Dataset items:

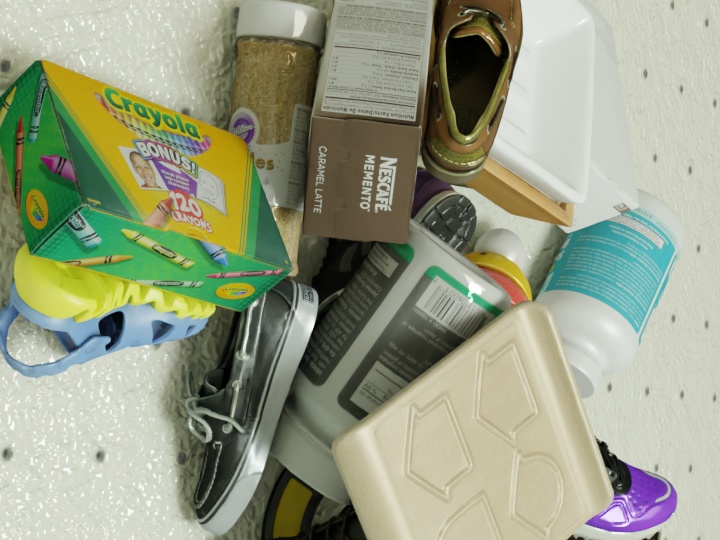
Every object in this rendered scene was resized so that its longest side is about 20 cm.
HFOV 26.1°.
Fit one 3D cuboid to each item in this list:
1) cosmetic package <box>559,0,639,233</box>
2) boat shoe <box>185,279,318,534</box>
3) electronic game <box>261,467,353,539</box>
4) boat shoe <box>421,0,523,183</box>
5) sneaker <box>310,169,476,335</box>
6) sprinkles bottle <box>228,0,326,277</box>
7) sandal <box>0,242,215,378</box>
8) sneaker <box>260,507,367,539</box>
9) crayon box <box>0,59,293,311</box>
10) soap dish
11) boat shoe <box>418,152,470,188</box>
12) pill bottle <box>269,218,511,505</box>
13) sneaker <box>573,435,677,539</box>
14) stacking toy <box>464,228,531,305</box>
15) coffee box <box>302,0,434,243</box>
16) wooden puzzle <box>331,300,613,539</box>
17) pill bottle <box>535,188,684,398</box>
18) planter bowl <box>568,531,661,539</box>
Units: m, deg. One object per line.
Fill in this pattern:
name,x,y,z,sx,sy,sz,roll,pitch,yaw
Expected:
cosmetic package,0.185,-0.151,1.407,0.113,0.080,0.202,34,46,-48
boat shoe,-0.095,0.097,1.147,0.067,0.074,0.201,17,107,-19
electronic game,0.015,0.221,1.264,0.197,0.042,0.203,3,80,-20
boat shoe,0.090,-0.167,1.165,0.068,0.071,0.202,105,-8,-67
sneaker,0.000,0.000,1.269,0.200,0.087,0.076,-43,136,-8
sprinkles bottle,-0.068,-0.098,1.168,0.068,0.068,0.203,8,88,-50
sandal,-0.177,0.027,1.059,0.087,0.080,0.199,-53,153,19
sneaker,-0.034,0.213,1.169,0.197,0.075,0.107,-5,143,-19
crayon box,-0.144,-0.053,1.044,0.199,0.058,0.120,18,42,-50
soap dish,0.121,-0.153,1.281,0.157,0.081,0.202,28,59,-42
boat shoe,0.085,-0.111,1.349,0.199,0.074,0.069,13,85,-53
pill bottle,0.016,0.069,1.183,0.201,0.113,0.113,-54,138,6
sneaker,0.187,0.170,1.324,0.197,0.070,0.100,7,122,-13
stacking toy,0.104,0.033,1.378,0.147,0.144,0.201,65,29,-31
coffee box,0.009,-0.130,1.160,0.115,0.079,0.201,95,2,-45
wooden puzzle,0.081,0.145,1.131,0.199,0.046,0.187,-32,112,-26
pill bottle,0.234,0.023,1.517,0.111,0.110,0.201,54,54,-38
planter bowl,0.157,0.254,1.407,0.199,0.199,0.136,-22,137,-47
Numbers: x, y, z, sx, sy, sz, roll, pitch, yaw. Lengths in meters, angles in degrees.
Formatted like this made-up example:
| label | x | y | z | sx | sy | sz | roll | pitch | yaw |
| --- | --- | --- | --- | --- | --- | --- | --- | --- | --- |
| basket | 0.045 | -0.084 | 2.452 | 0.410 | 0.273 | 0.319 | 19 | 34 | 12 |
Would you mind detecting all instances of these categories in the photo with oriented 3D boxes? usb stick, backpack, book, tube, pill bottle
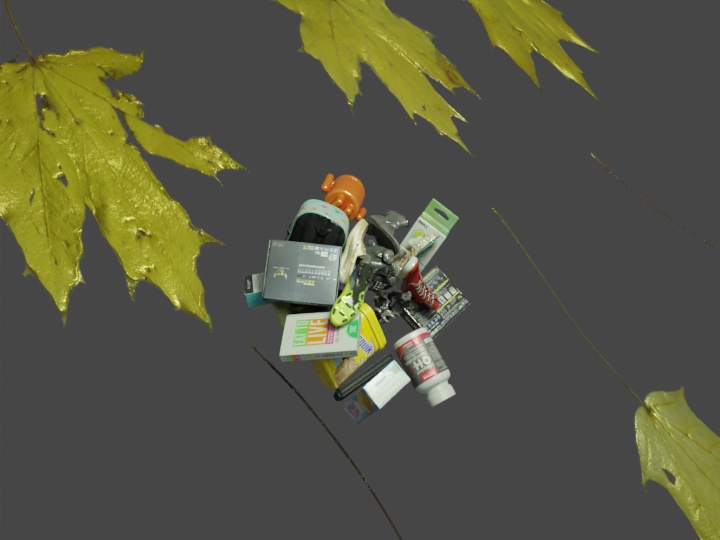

• _Work request_: Once you find the line with "Numbers: x, y, z, sx, sy, sz, roll, pitch, yaw.", restate it and every later line of the data word for word, excluding the pictures.

• _Response_:
Numbers: x, y, z, sx, sy, sz, roll, pitch, yaw. Lengths in meters, angles in degrees.
Formatted like this made-up example:
| label | x | y | z | sx | sy | sz | roll | pitch | yaw |
| --- | --- | --- | --- | --- | --- | --- | --- | --- | --- |
| basket | 0.045 | -0.084 | 2.452 | 0.410 | 0.273 | 0.319 | 19 | 34 | 12 |
Would you mind detecting all instances of these categories in the photo with oriented 3D boxes? usb stick, backpack, book, tube, pill bottle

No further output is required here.